Aziraphale eyed up the multitude of plates crammed onto the small table, Crowley was busy offloading anything he could onto the floor or the table next to them to make space.

“What is it all?”

Crowley started pointing at dishes, “Well, pretty sure you know what hummus is. That’s falafel, it’s vegetarian, chickpeas and herbs and stuff. Then this is labneh, sort of a minty yoghurt dip, just stick whatever you fancy in it. Then I just got a selection of grilled meats, some couscous and finally some pitta to kind of scoop it all up with. Nothing is too spicy, wasn’t sure how you felt about that, so, uh, go for it.” Crowley tore off some bread and tucked in, using it to scoop up bits from each dish to eat.

Aziraphale watched him for a moment, “Well, when in Rome I suppose.” He said quietly and followed suit, dropping little bits of yoghurt and couscous until he got the hang of balancing the loaded bread, Crowley smiled at him and continued.

“So anyway, delicate subjects, one of the subjects I like to talk about is gender. Society's gender roles, how they play out for authors and characters, but also for the students themselves. Their idea of gender, and how those biases can influence them.”

“Doesn’t seem to controversial, we have plenty of similar lectures at King’s”

“Yeah, well, I taught that semester dressed as a woman.”

Aziraphale swallowed the piece of lamb in his mouth whole and tried to choke on it silently with little success. “That was deliberately timed.” He accused, around coughing.

“Lil’ bit. Maybe.” Crowley grinned and handed him a glass of water.

Aziraphale took a large swallow, “Is that, um, something you do often?”

Crowley raised an eyebrow, “Dress as a woman, or teach my lectures dressed as a woman?”

“Both? Either?” Aziraphale looked a bit bewildered and Crowley took pity on him.

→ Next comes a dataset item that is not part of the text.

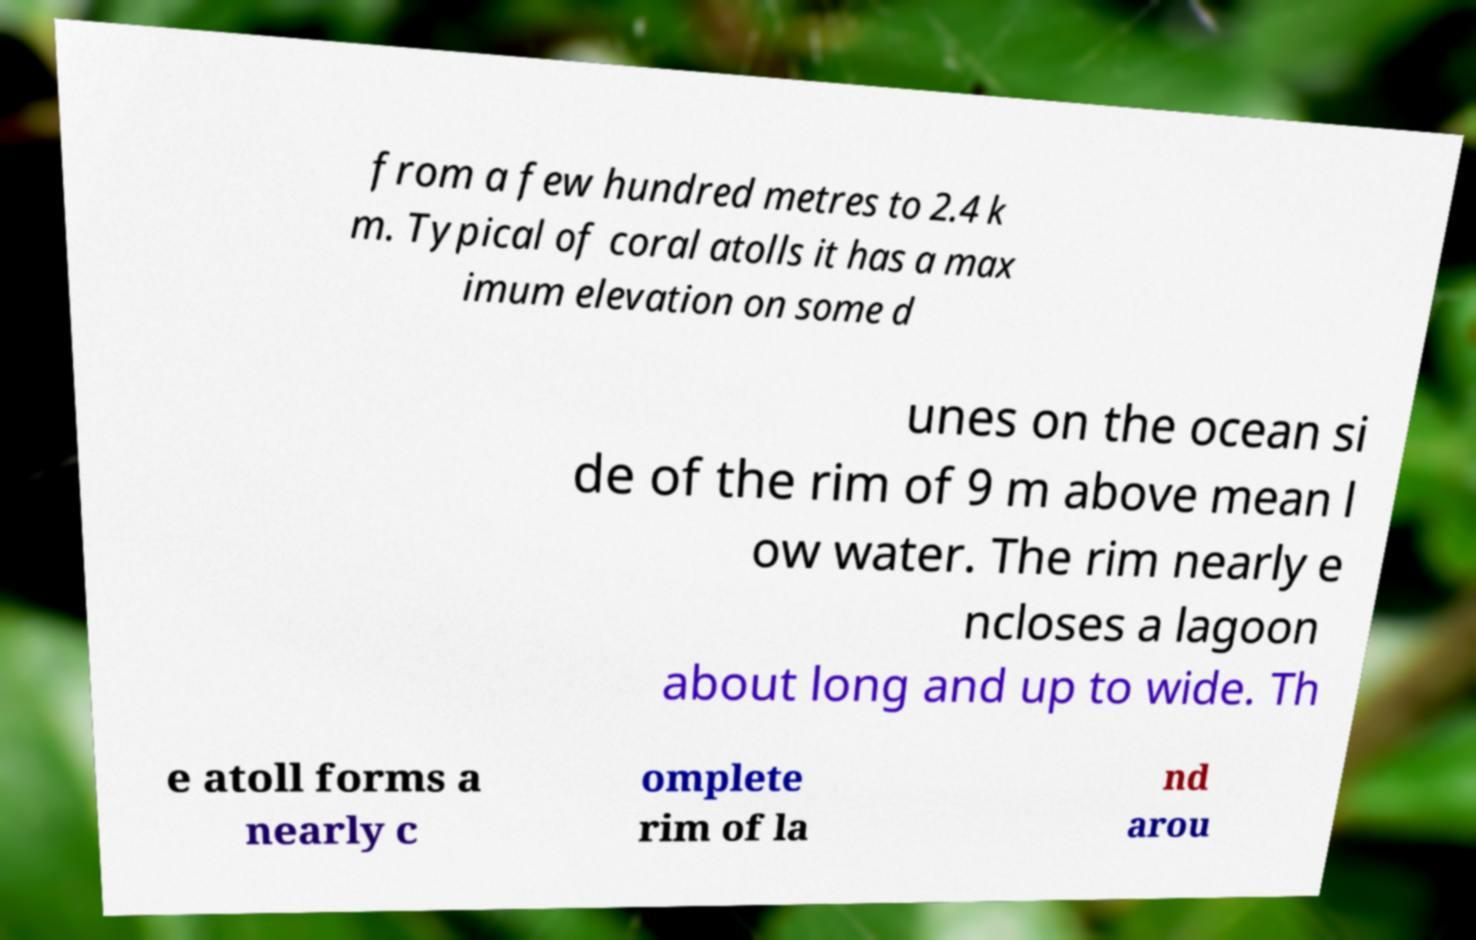There's text embedded in this image that I need extracted. Can you transcribe it verbatim? from a few hundred metres to 2.4 k m. Typical of coral atolls it has a max imum elevation on some d unes on the ocean si de of the rim of 9 m above mean l ow water. The rim nearly e ncloses a lagoon about long and up to wide. Th e atoll forms a nearly c omplete rim of la nd arou

“Generally speaking, most of the time, no, I do not dress as a woman, and that was the first time I had done it for a lecture. It obviously didn’t work out very well for me, so I doubt I’ll be repeating it.”

“Shame.” Azirapahle looked mortified as soon as the word left his mouth. 

Crowley grinned at him.“Is it now?”

“Well,” Aziraphale cleared his throat, “I can see how it would be a good learning tool, particularly for those students who have the privilege of not having to consider those things in their general lives.”

“That’s what I thought, the head of my department disagreed.” Crowley shrugged, “It is what it is, can’t change it.”

“Still, it’s a shame to hear about such close mindedness inside any centre of learning.”

Crowley shrugged, “That’s the problem with it though, especially subjects like yours, if you don’t make an effort, it’s easy to just keep teaching the same outdated notions that have always been taught. That’s the point I was trying to make with my reviews on your publications. What you wrote has already been said, it’s not new, it’s not exciting. It doesn’t consider the source material in a new light, or with new context. It doesn’t hold it up against contemporary literature, or popular literature and ask about the similarities as well as the differences.” Crowley was getting more animated and was gesticulating wildly with a piece of loaded pitta bread. Aziraphale reached out one hand and gently calmed the flailing arm down as Crowley continued his rant, “I mean take something like Shadow Chronicles right.”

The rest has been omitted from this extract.